Recorded data
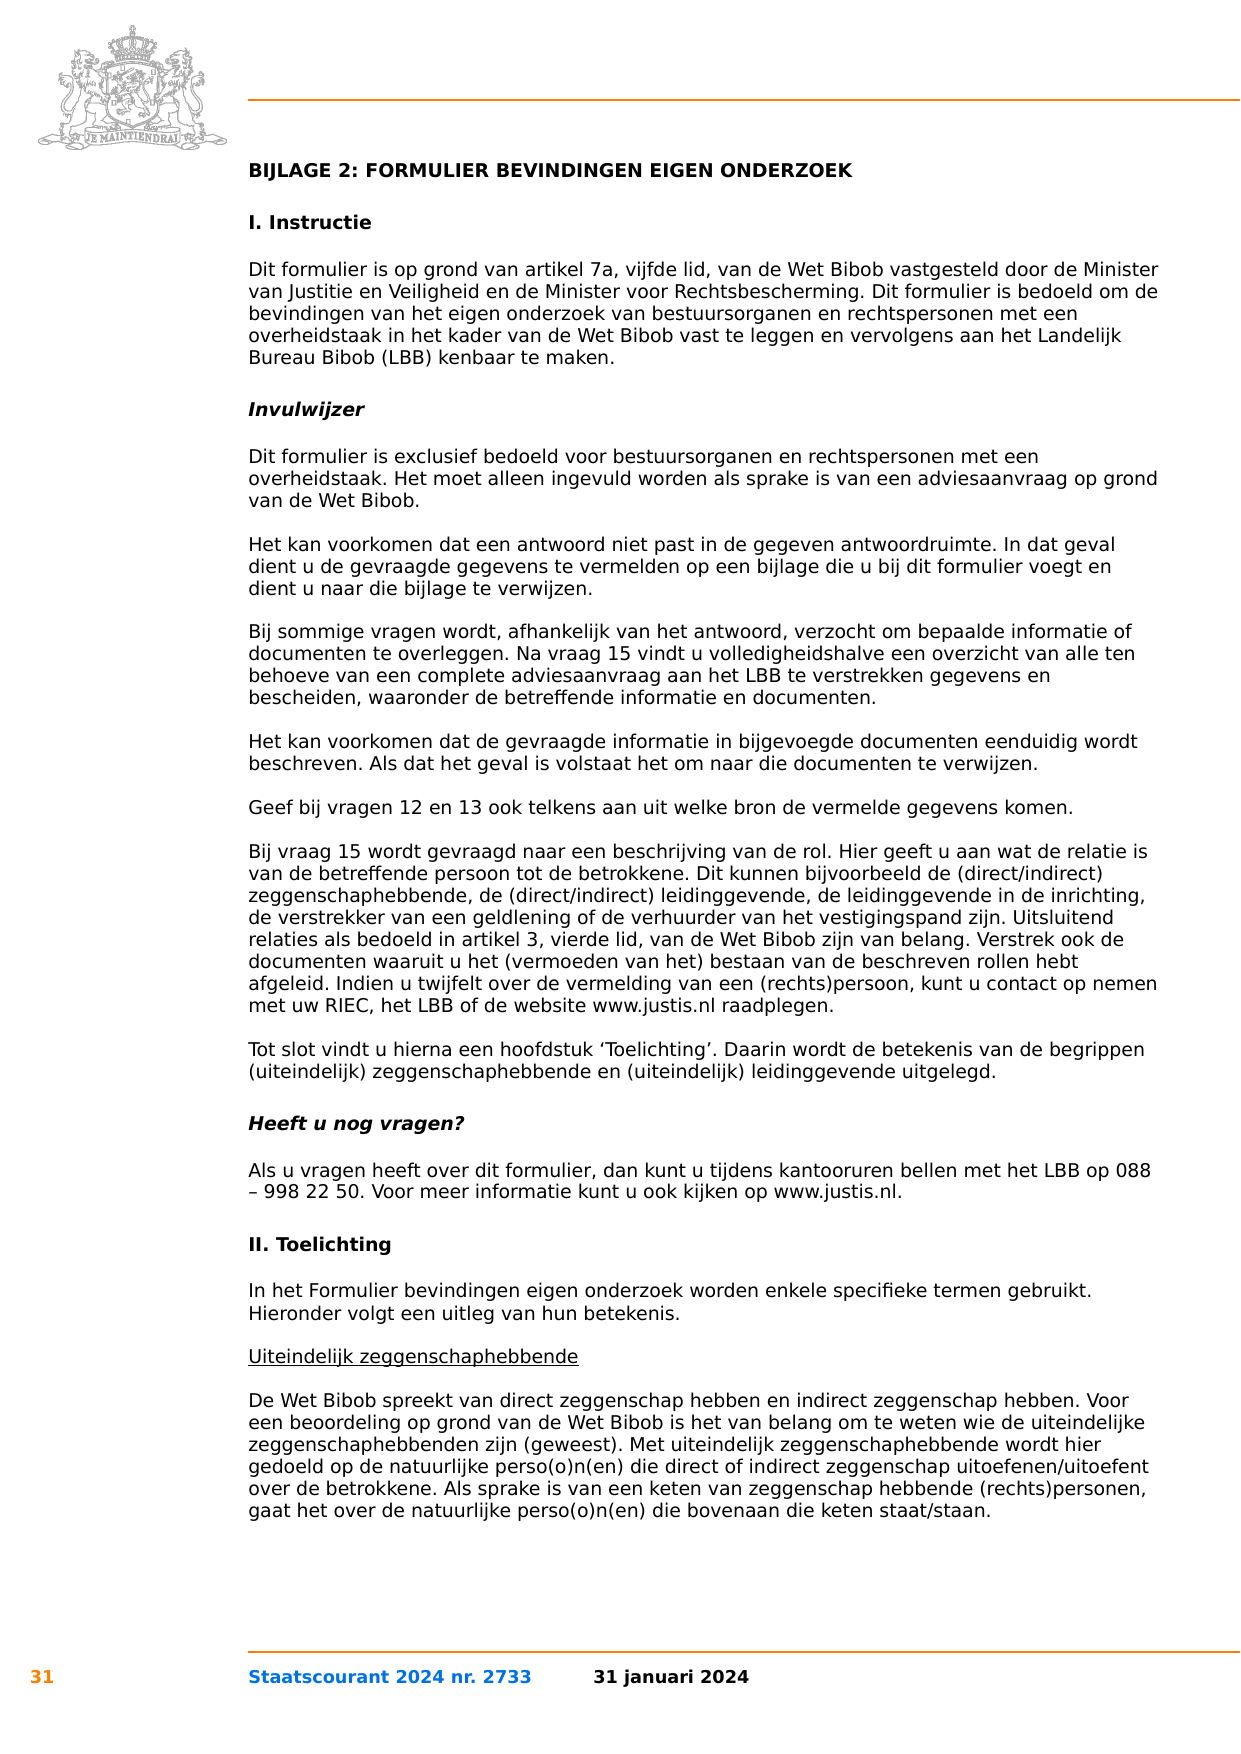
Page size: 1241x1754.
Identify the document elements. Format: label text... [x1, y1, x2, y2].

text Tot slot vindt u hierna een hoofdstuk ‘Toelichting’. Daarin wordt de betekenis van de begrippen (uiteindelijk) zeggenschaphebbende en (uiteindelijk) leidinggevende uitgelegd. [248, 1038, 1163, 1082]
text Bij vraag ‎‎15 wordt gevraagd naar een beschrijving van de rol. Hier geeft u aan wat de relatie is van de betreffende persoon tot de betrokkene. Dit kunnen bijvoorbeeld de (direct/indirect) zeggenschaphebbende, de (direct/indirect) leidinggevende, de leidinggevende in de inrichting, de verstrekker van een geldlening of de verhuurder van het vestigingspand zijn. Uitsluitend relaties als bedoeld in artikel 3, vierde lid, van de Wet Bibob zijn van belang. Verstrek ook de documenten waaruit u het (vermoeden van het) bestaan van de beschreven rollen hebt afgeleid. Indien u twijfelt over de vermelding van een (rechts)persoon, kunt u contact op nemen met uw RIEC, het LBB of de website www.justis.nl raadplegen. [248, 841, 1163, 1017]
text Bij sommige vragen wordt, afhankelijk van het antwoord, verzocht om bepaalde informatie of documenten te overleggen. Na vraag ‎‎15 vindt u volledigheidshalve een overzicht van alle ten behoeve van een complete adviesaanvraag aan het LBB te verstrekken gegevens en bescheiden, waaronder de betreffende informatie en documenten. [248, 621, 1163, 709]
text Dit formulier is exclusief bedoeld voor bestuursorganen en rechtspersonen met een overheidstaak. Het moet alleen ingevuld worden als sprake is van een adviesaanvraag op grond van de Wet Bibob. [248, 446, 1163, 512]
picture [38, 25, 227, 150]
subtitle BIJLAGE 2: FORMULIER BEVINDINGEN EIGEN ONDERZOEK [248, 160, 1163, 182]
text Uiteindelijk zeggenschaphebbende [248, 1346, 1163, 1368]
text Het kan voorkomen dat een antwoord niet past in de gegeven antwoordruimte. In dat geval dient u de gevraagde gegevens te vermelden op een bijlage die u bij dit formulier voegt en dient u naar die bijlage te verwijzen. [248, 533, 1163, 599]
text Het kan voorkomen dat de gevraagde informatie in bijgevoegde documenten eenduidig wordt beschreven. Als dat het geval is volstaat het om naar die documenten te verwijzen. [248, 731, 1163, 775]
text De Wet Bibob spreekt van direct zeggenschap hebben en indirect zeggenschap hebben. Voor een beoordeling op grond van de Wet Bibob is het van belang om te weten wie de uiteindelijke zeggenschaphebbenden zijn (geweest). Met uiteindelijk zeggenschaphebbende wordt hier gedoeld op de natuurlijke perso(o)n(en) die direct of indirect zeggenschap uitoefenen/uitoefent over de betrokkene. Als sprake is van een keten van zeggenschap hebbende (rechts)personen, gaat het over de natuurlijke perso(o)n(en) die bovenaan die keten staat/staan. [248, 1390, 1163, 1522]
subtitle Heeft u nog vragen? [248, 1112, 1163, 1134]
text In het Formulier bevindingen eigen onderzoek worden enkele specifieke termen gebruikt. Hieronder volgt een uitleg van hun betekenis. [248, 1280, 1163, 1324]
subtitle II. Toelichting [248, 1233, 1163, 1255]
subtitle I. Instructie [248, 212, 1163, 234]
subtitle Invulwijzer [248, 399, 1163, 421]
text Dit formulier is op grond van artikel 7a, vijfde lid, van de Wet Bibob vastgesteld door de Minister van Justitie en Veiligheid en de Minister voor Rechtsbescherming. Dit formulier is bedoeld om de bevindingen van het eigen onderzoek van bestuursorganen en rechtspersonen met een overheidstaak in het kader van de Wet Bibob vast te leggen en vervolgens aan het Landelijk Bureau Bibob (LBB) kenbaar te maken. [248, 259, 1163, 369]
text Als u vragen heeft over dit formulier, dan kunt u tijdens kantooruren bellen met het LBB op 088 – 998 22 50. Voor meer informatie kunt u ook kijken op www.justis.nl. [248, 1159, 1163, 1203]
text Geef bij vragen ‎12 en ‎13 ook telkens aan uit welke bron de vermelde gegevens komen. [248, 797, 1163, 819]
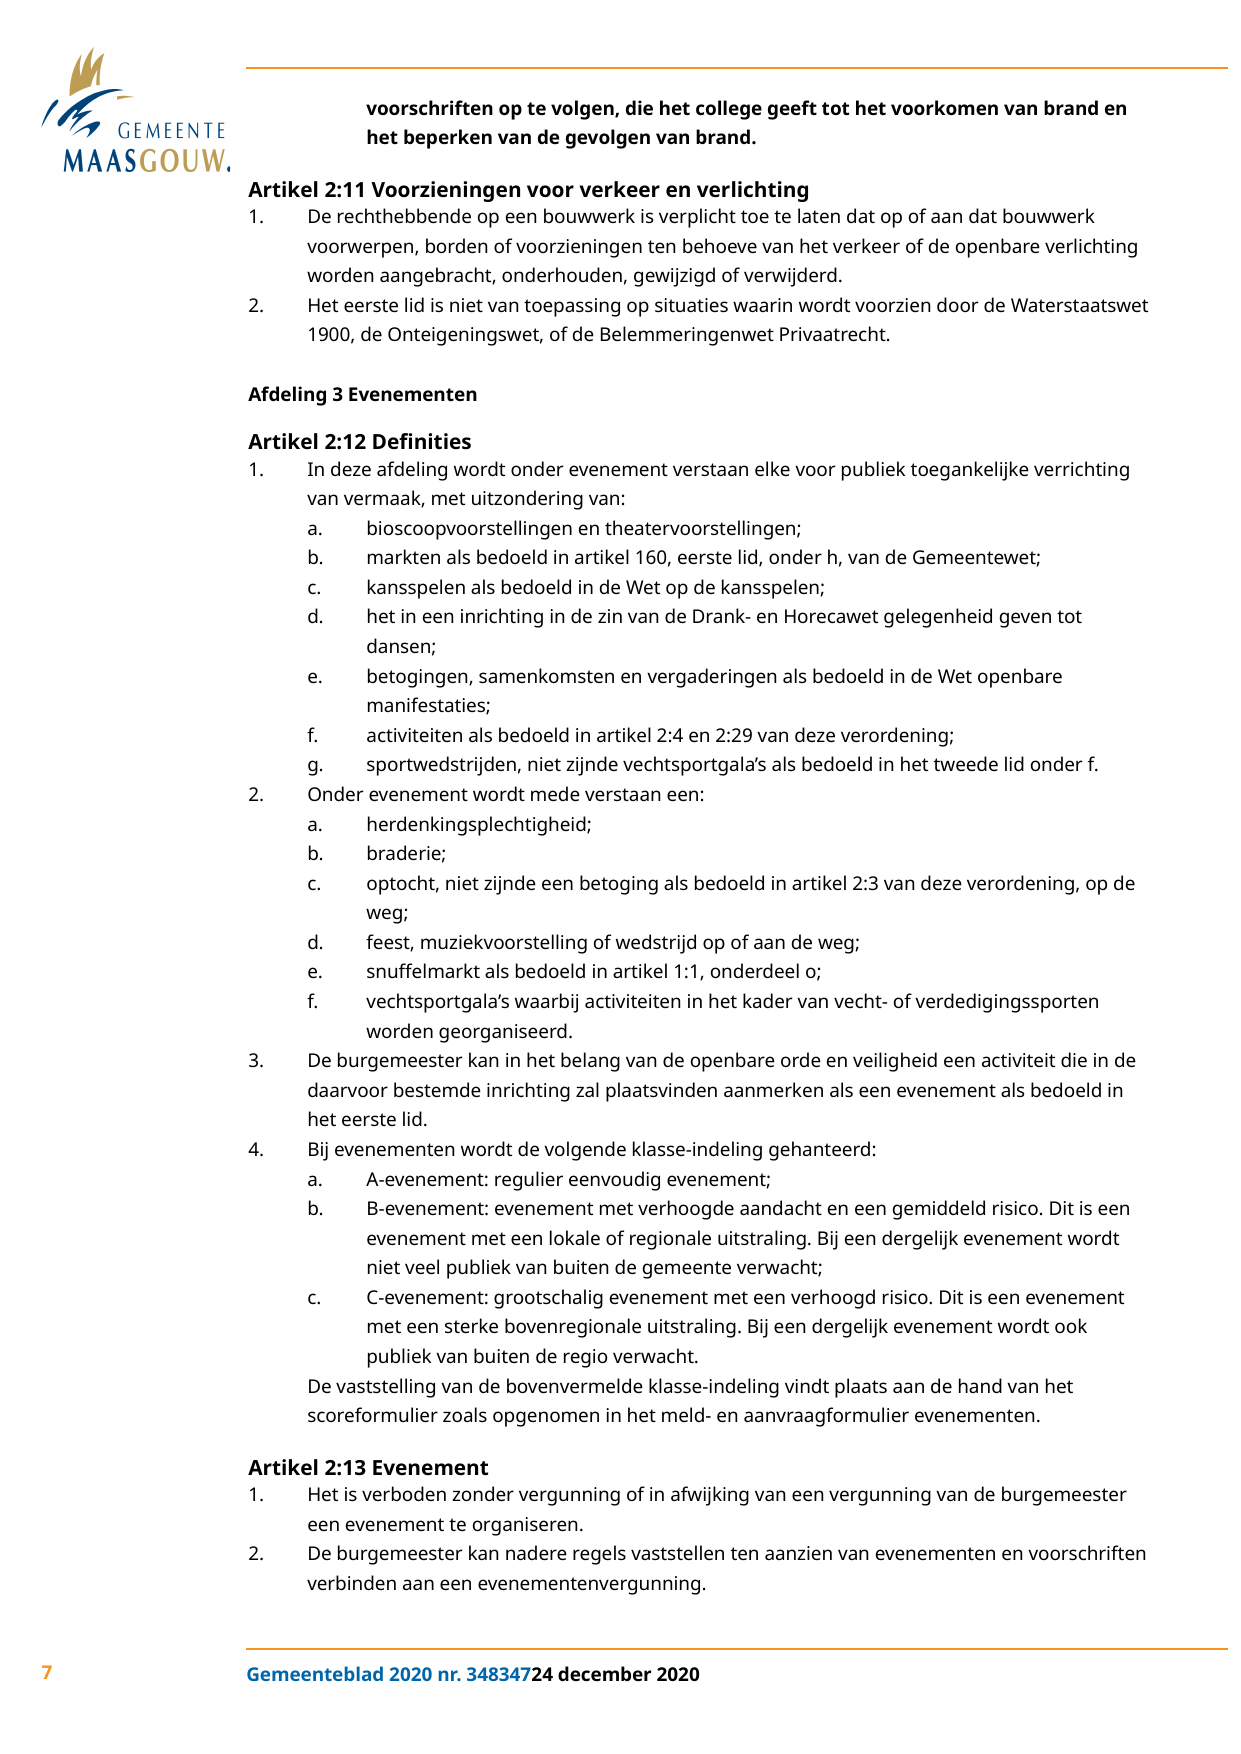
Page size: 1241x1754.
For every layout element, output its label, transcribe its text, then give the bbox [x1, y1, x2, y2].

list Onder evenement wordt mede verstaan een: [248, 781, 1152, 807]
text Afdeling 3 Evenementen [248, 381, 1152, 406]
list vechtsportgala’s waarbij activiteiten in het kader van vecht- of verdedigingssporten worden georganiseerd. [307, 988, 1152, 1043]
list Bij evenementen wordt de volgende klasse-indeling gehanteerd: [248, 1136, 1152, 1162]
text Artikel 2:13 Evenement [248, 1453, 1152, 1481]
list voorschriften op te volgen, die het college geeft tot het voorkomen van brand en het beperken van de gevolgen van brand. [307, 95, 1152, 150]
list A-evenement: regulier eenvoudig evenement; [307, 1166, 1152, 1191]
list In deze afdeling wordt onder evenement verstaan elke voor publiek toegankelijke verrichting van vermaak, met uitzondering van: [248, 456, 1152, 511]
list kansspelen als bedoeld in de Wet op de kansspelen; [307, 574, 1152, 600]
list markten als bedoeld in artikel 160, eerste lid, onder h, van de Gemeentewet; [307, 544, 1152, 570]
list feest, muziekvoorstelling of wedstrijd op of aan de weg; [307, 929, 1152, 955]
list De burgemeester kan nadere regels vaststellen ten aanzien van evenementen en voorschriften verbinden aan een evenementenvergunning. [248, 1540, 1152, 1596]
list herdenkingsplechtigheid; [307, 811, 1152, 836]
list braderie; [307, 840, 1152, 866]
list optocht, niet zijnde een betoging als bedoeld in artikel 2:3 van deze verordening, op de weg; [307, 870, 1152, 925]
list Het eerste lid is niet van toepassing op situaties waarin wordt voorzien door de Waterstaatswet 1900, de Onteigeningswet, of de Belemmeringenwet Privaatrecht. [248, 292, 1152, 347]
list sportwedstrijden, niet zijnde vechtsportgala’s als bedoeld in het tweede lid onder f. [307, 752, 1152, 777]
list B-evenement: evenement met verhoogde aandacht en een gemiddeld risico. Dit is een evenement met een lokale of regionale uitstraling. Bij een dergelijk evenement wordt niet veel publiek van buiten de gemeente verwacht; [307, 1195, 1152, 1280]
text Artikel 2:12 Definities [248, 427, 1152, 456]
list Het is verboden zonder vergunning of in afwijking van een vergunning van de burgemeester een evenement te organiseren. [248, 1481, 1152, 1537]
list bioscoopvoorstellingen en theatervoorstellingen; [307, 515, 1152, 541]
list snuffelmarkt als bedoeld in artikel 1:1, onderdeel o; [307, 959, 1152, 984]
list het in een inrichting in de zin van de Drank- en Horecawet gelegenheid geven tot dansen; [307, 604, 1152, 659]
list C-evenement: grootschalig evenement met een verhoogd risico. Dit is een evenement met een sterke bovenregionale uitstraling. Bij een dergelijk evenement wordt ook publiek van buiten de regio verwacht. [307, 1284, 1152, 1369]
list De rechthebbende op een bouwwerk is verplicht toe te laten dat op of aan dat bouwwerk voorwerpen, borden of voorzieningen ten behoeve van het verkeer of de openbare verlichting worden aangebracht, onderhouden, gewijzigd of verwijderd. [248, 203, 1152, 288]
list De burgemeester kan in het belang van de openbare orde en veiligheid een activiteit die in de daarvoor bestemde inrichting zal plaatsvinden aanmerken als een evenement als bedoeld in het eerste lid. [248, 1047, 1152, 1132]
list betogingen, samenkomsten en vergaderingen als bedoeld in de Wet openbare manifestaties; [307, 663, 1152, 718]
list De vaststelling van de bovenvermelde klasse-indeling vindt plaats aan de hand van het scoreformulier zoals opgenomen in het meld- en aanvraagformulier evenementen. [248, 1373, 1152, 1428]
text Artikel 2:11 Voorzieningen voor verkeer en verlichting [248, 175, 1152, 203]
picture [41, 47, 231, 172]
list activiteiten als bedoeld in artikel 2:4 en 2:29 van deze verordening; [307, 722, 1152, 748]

**DIRECTIONS**: The images in the entries above should be left out; please reproduce exactly the lines from the first through the one containing "text Tot slot".

**TASK RESPONSE**:
Page size: 1241x1754.
Identify the document elements. Format: label text... [x1, y1, x2, y2].

text Tot slot vindt u hierna een hoofdstuk ‘Toelichting’. Daarin wordt de betekenis van de begrippen (uiteindelijk) zeggenschaphebbende en (uiteindelijk) leidinggevende uitgelegd. [248, 1038, 1163, 1082]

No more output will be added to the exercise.